Cómo controlar adecuadamente la temperatura durante el proceso de recocido de fibra de vidrio
La mayoría de los calentadores que se venden en el mercado emiten calor de forma uniforme en todas direcciones. Pero si se está trabajando en el desarrollo de nuevos materiales de fibra de vidrio, lo que realmente se necesita no es un calor uniforme.
Lo importante es la densidad de potencia: se trata de controlar exactamente dónde se distribuyen esos vatios. Se quiere que la superficie alcance la temperatura de transición vítrea sin dañar accidentalmente el núcleo del material.
No se trata solo del tamaño
Claro, podemos hacer que el calentador sea más largo o más ancho. Eso es fácil. Pero lo verdaderamente importante es la distribución de la potencia por centímetro cuadrado. Podemos crear calentadores con zonas de potencia graduadas.
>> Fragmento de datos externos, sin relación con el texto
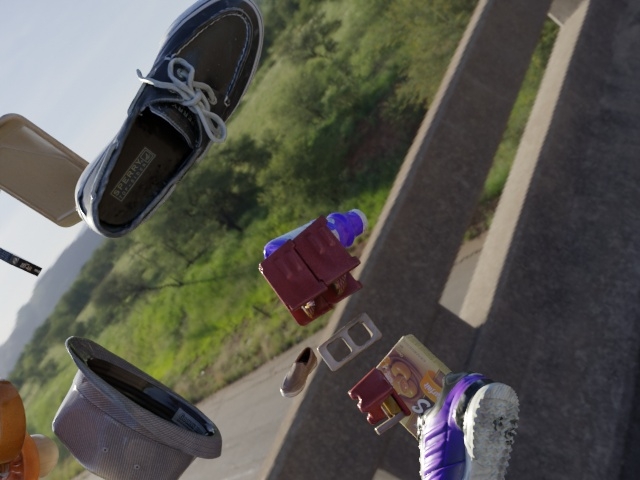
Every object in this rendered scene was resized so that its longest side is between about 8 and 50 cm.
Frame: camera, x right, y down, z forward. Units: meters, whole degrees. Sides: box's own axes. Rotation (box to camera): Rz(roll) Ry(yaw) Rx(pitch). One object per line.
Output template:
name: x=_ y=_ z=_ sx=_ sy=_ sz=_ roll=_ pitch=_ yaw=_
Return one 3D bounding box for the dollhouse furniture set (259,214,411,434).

Imagínese aplicar un alto nivel de calor en el borde inicial del material, y luego disminuir esa intensidad a medida que el material se acerca a la salida. De esta manera, se evitan los shocks térmicos. Además, se puede ajustar la curva de recocido sin tener que alterar la velocidad de procesamiento.
El compromiso entre potencia y tiempo de exposición al calor
El problema es que, cuando intentamos concentrar mucha potencia en un área pequeña para ahorrar espacio, surge el problema del sobrecalentamiento. Si el flujo de aire no está bien regulado, esos elementos de alta potencia se quemarán. Construimos nuestras unidades para resistir esto, pero hay que asegurarse de que el sistema de refrigeración pueda manejar el calor generado alrededor de la unidad.
Espacio para experimentar
Construimos estas herramientas para permitir cierta libertad en los parámetros de operación. No estás limitado a los valores predefinidos por la fábrica, que quizás fueran “suficientemente buenos” hace tres años. Puedes cambiar la tensión y ajustar la distribución de la potencia para ver cómo reacciona el nuevo material ante diferentes gradientes térmicos. Es mejor cometer errores en el laboratorio ahora, antes de que eso afecte a la línea de producción posteriormente.
Basta con conectarlo, realizar las pruebas y seguir ajustando ese perfil de densidad hasta que el material funcione como se espera. Nosotros nos encargaremos del control térmico; tú te encargarás de la parte científica.